_Problem to solve_
Repeat precisely the span of lines below that opens with the line containing "table_cell [49, 692, 96, 746]" and closes with the line containing "picture [1079, 61, 1112, 94]", both included.

(Stored records)
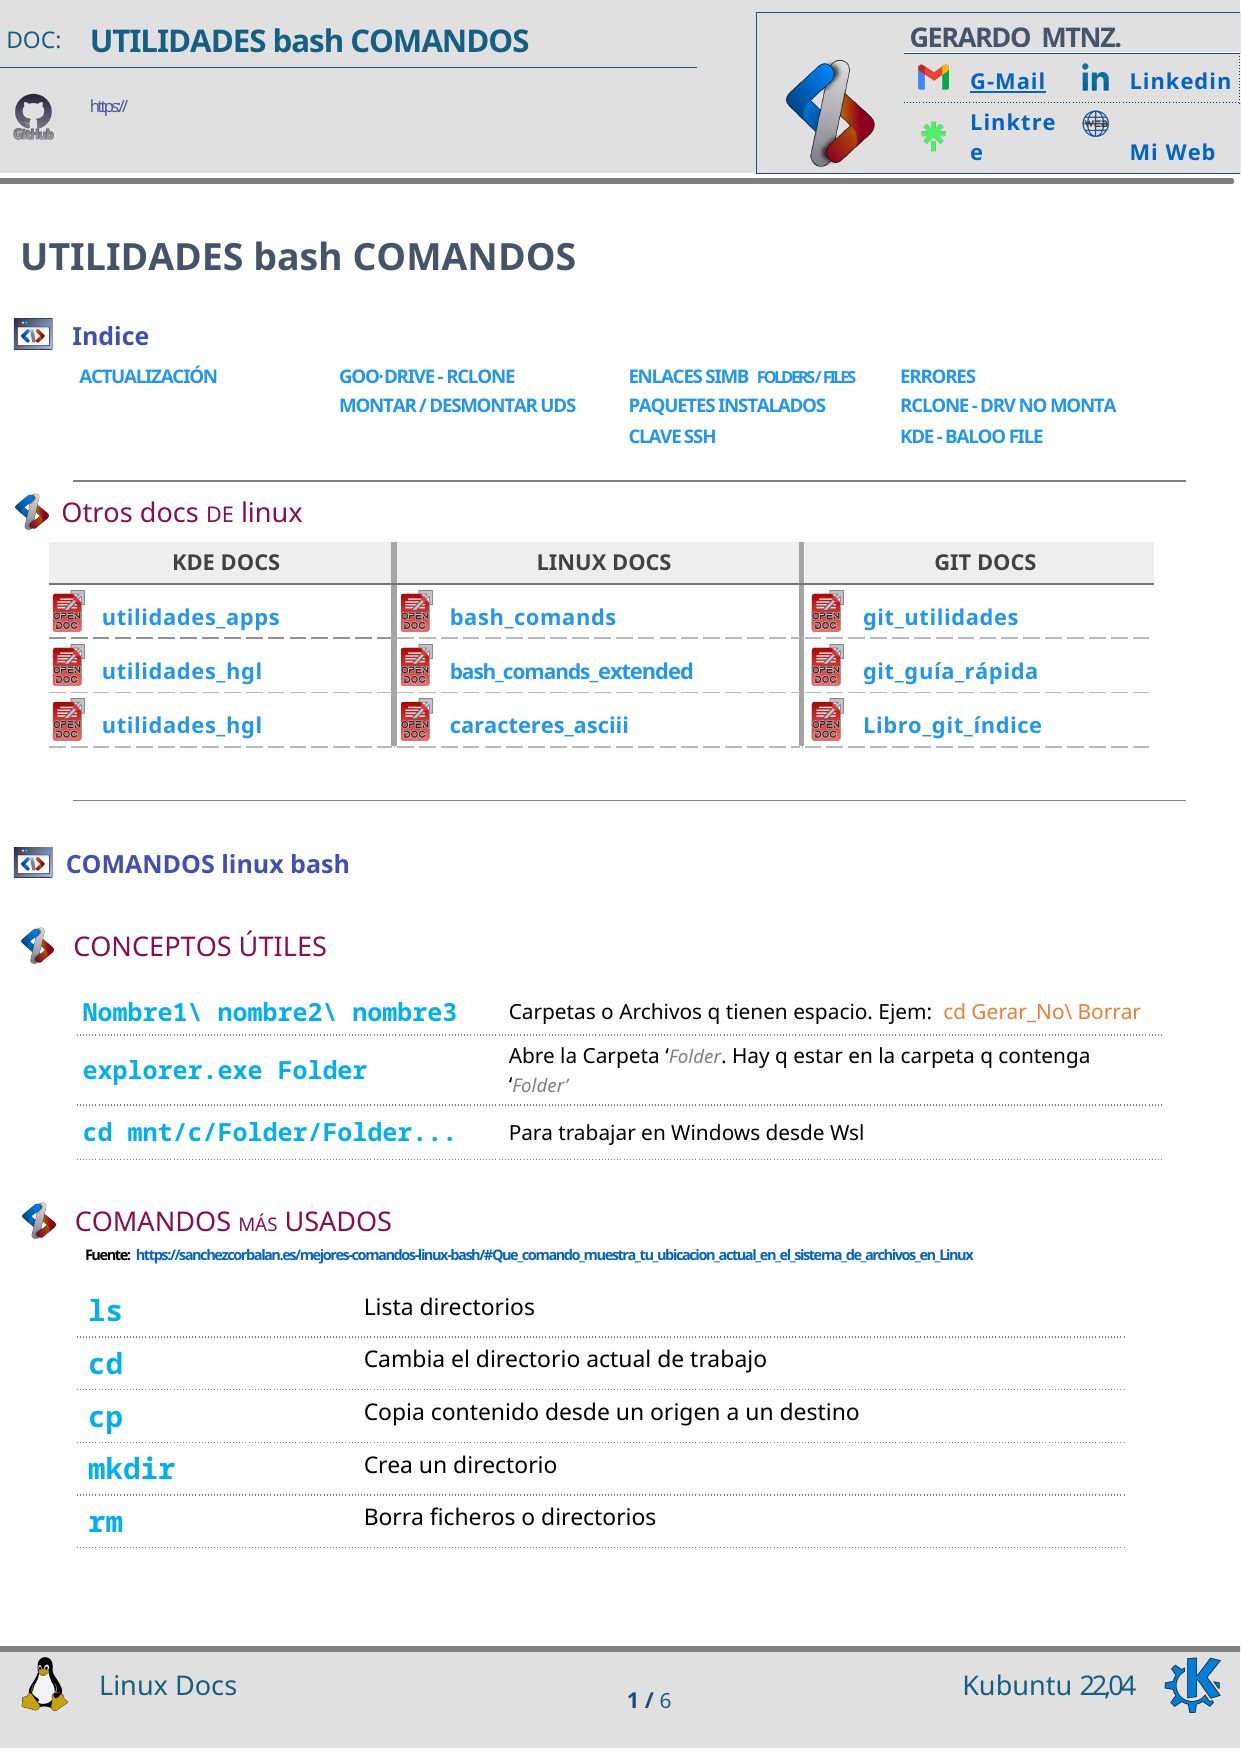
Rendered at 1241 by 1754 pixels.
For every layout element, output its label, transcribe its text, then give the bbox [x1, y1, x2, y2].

table_header ENLACES SIMB FOLDERS / FILES [623, 364, 894, 389]
table_header ls [77, 1285, 352, 1336]
picture [21, 927, 54, 964]
table_cell CLAVE SSH [623, 420, 894, 452]
table_cell utilidades_hgl [96, 637, 391, 692]
picture [52, 590, 87, 632]
picture [811, 590, 845, 632]
table_cell [799, 692, 804, 746]
table_cell bash_comands [444, 585, 799, 637]
picture [811, 698, 845, 741]
table_header Nombre1\ nombre2\ nombre3 [77, 989, 495, 1034]
table_cell [397, 585, 444, 637]
table_cell caracteres_asciii [444, 692, 799, 746]
picture [15, 493, 49, 530]
table_cell [397, 637, 444, 692]
picture [918, 121, 949, 152]
table_header ACTUALIZACIÓN [79, 364, 339, 389]
table_cell git_guía_rápida [857, 637, 1154, 692]
table_cell [805, 585, 857, 637]
table_cell git_utilidades [857, 585, 1154, 637]
subtitle COMANDOS linux bash [14, 847, 1186, 881]
table_cell [49, 637, 96, 692]
table_cell mkdir [77, 1441, 352, 1494]
table_cell PAQUETES INSTALADOS [623, 389, 894, 420]
picture [13, 318, 53, 350]
table_cell utilidades_apps [96, 585, 391, 637]
subtitle COMANDOS MÁS USADOS [56, 1202, 1240, 1239]
table_cell [79, 389, 339, 420]
table_header Lista directorios [352, 1285, 1124, 1336]
table_cell explorer.exe Folder [77, 1034, 495, 1104]
table_cell cp [77, 1389, 352, 1441]
table_cell [805, 637, 857, 692]
picture [400, 698, 435, 741]
table_cell [391, 692, 397, 746]
table_cell Crea un directorio [352, 1441, 1124, 1494]
picture [400, 644, 435, 686]
table_header GIT DOCS [805, 542, 1154, 583]
picture [13, 847, 53, 878]
picture [776, 53, 884, 167]
picture [22, 1202, 56, 1239]
text Fuente: https://sanchezcorbalan.es/mejores-comandos-linux-bash/#Que_comando_muestra_tu_ubicacion_actual_en_el_sistema_de_archivos_en_Linux [85, 1245, 1240, 1265]
table_cell cd [77, 1336, 352, 1389]
table_cell [391, 637, 397, 692]
picture [52, 698, 87, 741]
table_header GOO·DRIVE - RCLONE [339, 364, 622, 389]
picture [811, 644, 845, 686]
picture [1162, 1655, 1223, 1715]
picture [5, 89, 62, 144]
picture [400, 590, 435, 632]
table_cell Abre la Carpeta ‘Folder. Hay q estar en la carpeta q contenga ‘Folder’ [495, 1034, 1162, 1104]
table_cell [339, 420, 622, 452]
table_cell cd mnt/c/Folder/Folder... [77, 1104, 495, 1159]
table_cell Para trabajar en Windows desde Wsl [495, 1104, 1162, 1159]
table_cell rm [77, 1494, 352, 1547]
table_cell Cambia el directorio actual de trabajo [352, 1336, 1124, 1389]
table_header [799, 542, 804, 583]
picture [917, 61, 950, 94]
table_cell MONTAR / DESMONTAR UDS [339, 389, 622, 420]
table_cell [79, 420, 339, 452]
table_cell Libro_git_índice [857, 692, 1154, 746]
table_header LINUX DOCS [397, 542, 799, 583]
picture [1079, 107, 1112, 140]
table_cell [805, 692, 857, 746]
table_cell RCLONE - DRV NO MONTA [894, 389, 1166, 420]
table_header ERRORES [894, 364, 1166, 389]
subtitle CONCEPTOS ÚTILES [54, 927, 1240, 964]
table_cell [799, 637, 804, 692]
picture [13, 1655, 74, 1715]
table_cell [391, 585, 397, 637]
table_header KDE DOCS [49, 542, 391, 583]
table_cell [799, 585, 804, 637]
subtitle Otros docs de linux [49, 493, 1186, 530]
table_header [391, 542, 397, 583]
table_cell utilidades_hgl [96, 692, 391, 746]
table_cell bash_comands_extended [444, 637, 799, 692]
table_cell KDE - BALOO FILE [894, 420, 1166, 452]
table_cell [49, 692, 96, 746]
table_cell Borra ficheros o directorios [352, 1494, 1124, 1547]
picture [52, 644, 87, 686]
subtitle Indice [14, 318, 1186, 352]
picture [1079, 61, 1112, 94]
table_cell Copia contenido desde un origen a un destino [352, 1389, 1124, 1441]
table_header Carpetas o Archivos q tienen espacio. Ejem: cd Gerar_No\ Borrar [495, 989, 1162, 1034]
table_cell [49, 585, 96, 637]
table_cell [397, 692, 444, 746]
subtitle UTILIDADES bash COMANDOS [20, 230, 1186, 281]

_Your response_
table_cell [49, 692, 96, 746]
table_cell Borra ficheros o directorios [352, 1494, 1124, 1547]
picture [52, 644, 87, 686]
subtitle Indice [14, 318, 1186, 352]
picture [1079, 61, 1112, 94]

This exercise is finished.